= Forbes Falconer =

Scottish Persian scholar

Forbes Falconer (10 September 1805, Aberdeen – 1853), was a Scottish Persian scholar.

==Life==
Falconer was born at Aberdeen, 10 September 1805, was the second and only surviving son of Gilbert Falconer of Braeside, Fife. He was educated at the grammar school and at Marischal College, where he obtained prizes in classical studies. His first publications, which appeared anonymously in local journals, were also classical, consisting of metrical translations from the Greek anthology. He commenced his oriental studies before the age of twenty, by attending the Hebrew classes of Professor James Bentley in Aberdeen, and likewise began the private study of Arabic and Persian.

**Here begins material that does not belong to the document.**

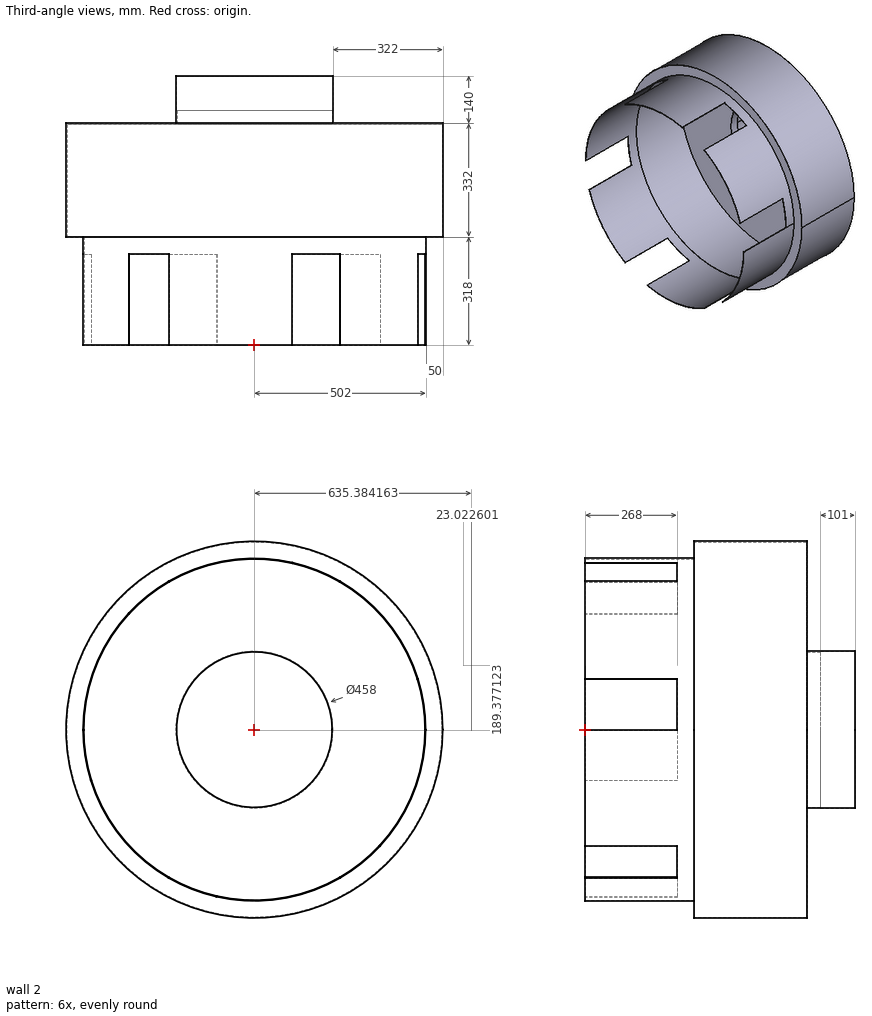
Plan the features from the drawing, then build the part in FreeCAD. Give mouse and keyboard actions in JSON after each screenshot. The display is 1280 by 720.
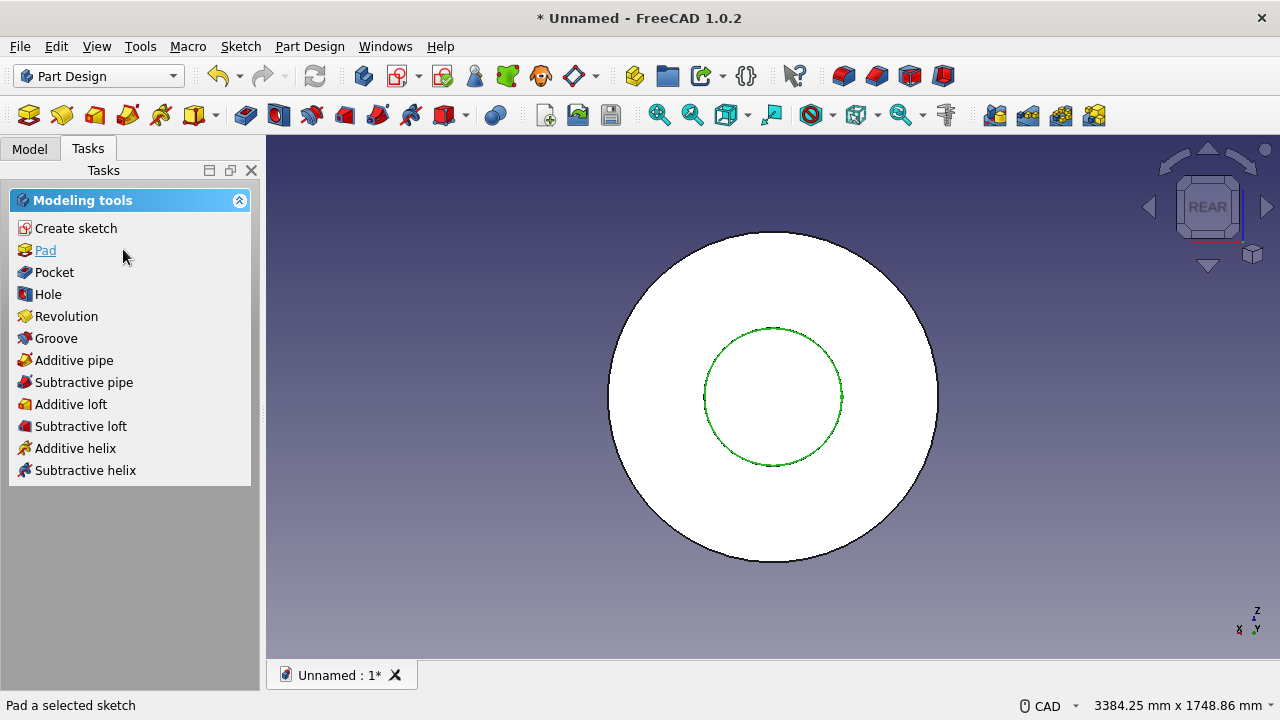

Afterwards proceeding to Paris he attended, during nearly five years, the courses of de Sacy, de Chézy, and, for Hindustani, of Garcin de Tassy. After short visits to several German universities, Falconer returned to this country, and settled in London as a teacher of oriental languages, holding for a short time the professorship of oriental languages in University College London.

==Works==
Falconer is perhaps best known in the present day for his works on the Bostan, from which he published in 1839 a volume of selections, very neatly lithographed from his own transcript. In the Asiatic Journal, a useful periodical now defunct, he published a translation of part of the same poem, as well as selections from several of the Sufi poets, and a critical study of the Sindbad-Nameh. Falconer edited two important poems of Jāmi, the Tuhfat-ul-Ahrār and Salāmān u Absāl, for the Society for the Publication of Oriental Texts. The critical ability of these texts is attested by Francis Johnson in the preface to his edition of John Richardson's Persian Dictionary. Falconer's Persian Grammar reached a second edition in 1848.